What's the hope? Bob says. The hope, I say, trying the word on for size. What hope? You mean by calling her on the phone? I ask, trying to see what Bob has in mind. But he's already shaking his head. Forget the phone call, he says. Say you never made the phone call, so then what's the hope? What do you want her to do? Bob asks. Or what did you want her to do, he says, in making the mistake of telling her in the first place? Hey, listen, I say to Bob, I just wanted to own up to our own origins. Share the stalking. Get it out there, up front. Not stalking, Bob says. Following. And then he brings a finger to his closed lips as though to emphasize the sudden importance of words in the private, dark universe of his studio apartment. I just wanted to tell her about it, I say. Let her get an inside look into the mind of someone like me. I guess I figured she'd get a kick out of it, I say. Imagine that! she'd think to herself—and I slapped my own cheeks, in pantomime—a man who follows me around and takes an interest, both from afar and up close, and I never even knew! Bob looks at me without expression and says, No, women prefer fate. Like he's standing there in a khaki jacket, a field guide in his hand, and speaking of some aboriginal tribe. Fate? I question Bob's knowledge on this point; he's guessing, I worry, or repeating something he's heard on television about the often amusing gulf that lies between men and women. Or, who knows, it could be true. Maybe you're right, Bob. Maybe she wanted to just meet me in the drugstore, pure and simple. Pharmacy, Bob says. And he brings the same finger to the same lips, like he's kissing the whisper of a dandelion.

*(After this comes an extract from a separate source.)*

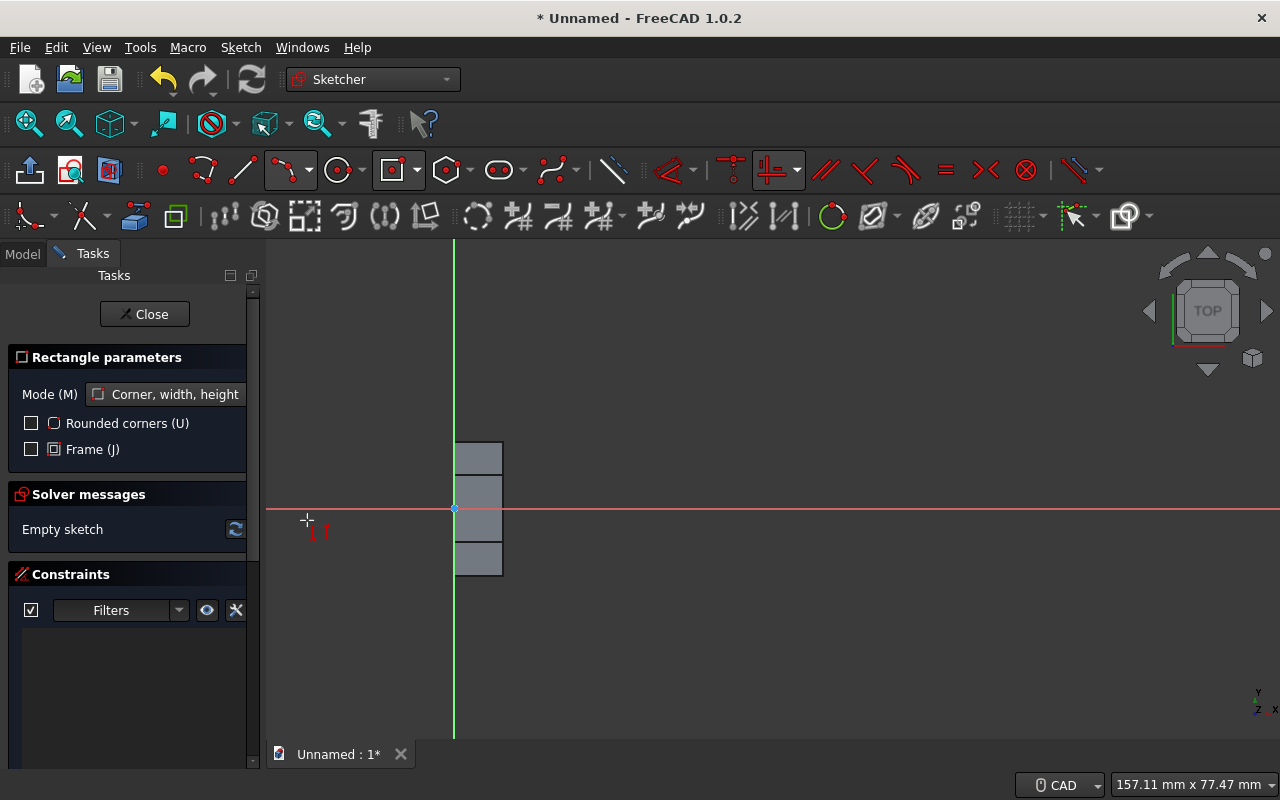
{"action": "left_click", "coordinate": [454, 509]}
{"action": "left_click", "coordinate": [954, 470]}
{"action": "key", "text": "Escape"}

Okay, I know what you're wondering. So the first time I ever seriously followed someone—setting aside Dorothy, the llama girl—was back in my early twenties. She was a woman who'll go unnamed who danced for a city-based ballet company, which was very impressive, since back then I was living in a city where ballet meant something. Now, living in a cultural necropolis, my balletomane days are over and gone. Anyway, I went one night and saw her perform—the piece, I remember, required her to do fish dive after fish dive, in the arms of anonymous men—and then, for the next week or two, I kept thinking about her. I thought about her a lot. I thought about what it would be like to be a part of her life. I made up a cozy picture in my mind of her apartment, its interior—a lonely place in spite of her gold-framed family photos and her nostalgic collection of stuffed animals. And, of course, I got closer: I found out things about her by reading newspapers and dance magazines and, while masquerading as a writer for a small weekly located out in the suburbs, I even made calls to the ballet company. Once, I actually made the mistake of talking to her on the phone. After that fiasco—stuttering, mumbling, excusing myself, reaching for a glass of water and sending it plunging toward the kitchen floor—I kept a lower profile. I followed her just once, one day as she came out of a morning rehearsal in a black, sweat-drenched cotton outfit that left me dizzy. I kept count, and I ended up following her for the next twenty-six hours and twenty-five minutes. Just for the experience. Without sleep, or at least none for me. And for that period I was her guardian. She wore the tutu, but I was the angel.